Top of Source information
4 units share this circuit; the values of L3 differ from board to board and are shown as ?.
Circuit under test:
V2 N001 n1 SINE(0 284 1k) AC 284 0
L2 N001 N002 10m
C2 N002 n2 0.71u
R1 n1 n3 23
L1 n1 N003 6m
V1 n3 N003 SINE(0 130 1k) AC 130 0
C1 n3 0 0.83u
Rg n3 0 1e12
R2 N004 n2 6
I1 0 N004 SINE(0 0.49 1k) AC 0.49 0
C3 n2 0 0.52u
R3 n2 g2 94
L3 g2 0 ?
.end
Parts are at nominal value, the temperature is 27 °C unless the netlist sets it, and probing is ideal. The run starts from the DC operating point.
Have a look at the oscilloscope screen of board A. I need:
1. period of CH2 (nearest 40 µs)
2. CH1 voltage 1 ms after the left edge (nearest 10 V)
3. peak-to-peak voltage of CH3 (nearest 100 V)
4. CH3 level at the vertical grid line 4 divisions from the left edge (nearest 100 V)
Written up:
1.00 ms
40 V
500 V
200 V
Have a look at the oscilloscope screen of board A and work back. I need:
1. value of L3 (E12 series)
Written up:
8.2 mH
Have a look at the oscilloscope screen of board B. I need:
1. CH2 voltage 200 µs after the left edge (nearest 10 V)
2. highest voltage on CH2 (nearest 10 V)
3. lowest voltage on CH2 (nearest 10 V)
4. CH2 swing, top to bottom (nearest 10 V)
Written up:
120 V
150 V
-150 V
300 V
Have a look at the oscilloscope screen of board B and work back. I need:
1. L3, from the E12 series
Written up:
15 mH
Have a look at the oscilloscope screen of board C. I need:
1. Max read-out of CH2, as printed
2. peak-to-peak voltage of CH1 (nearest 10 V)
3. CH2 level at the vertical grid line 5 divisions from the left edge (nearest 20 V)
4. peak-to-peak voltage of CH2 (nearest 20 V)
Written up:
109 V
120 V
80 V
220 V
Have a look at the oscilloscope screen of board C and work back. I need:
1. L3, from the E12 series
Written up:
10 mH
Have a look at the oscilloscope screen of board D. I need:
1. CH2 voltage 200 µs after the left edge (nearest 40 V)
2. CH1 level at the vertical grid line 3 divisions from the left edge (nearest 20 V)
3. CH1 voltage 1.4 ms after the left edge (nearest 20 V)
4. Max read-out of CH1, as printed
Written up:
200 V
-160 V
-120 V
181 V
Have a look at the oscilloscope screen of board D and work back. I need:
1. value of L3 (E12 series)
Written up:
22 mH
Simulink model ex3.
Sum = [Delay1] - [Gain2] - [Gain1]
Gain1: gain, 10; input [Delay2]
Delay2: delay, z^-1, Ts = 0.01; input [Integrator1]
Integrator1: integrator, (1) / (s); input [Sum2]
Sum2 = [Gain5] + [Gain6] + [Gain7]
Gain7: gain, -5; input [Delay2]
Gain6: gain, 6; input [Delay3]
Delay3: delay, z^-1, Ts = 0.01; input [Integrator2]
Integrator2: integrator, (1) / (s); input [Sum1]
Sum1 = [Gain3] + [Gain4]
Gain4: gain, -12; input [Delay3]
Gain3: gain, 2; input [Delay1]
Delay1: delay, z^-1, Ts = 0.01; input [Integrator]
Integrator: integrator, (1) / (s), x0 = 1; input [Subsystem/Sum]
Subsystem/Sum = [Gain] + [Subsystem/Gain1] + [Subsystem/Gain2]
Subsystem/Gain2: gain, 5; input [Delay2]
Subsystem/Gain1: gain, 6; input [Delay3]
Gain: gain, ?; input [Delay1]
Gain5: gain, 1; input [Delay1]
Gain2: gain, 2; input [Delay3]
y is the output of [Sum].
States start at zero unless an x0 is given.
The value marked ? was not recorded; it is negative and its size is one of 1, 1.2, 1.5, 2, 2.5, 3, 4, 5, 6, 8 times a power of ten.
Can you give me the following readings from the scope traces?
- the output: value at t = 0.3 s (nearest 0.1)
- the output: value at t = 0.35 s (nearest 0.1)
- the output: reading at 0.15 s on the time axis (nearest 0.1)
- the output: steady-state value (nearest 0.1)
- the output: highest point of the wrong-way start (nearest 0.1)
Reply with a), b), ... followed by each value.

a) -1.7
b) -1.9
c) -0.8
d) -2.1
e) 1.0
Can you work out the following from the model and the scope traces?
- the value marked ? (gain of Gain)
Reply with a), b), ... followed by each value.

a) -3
Bottom of Source information
→ **Work item**
Scan the data above and report each line in which "after" is present.

→ **Written reply**
2. CH1 voltage 1 ms after the left edge (nearest 10 V)
1. CH2 voltage 200 µs after the left edge (nearest 10 V)
1. CH2 voltage 200 µs after the left edge (nearest 40 V)
3. CH1 voltage 1.4 ms after the left edge (nearest 20 V)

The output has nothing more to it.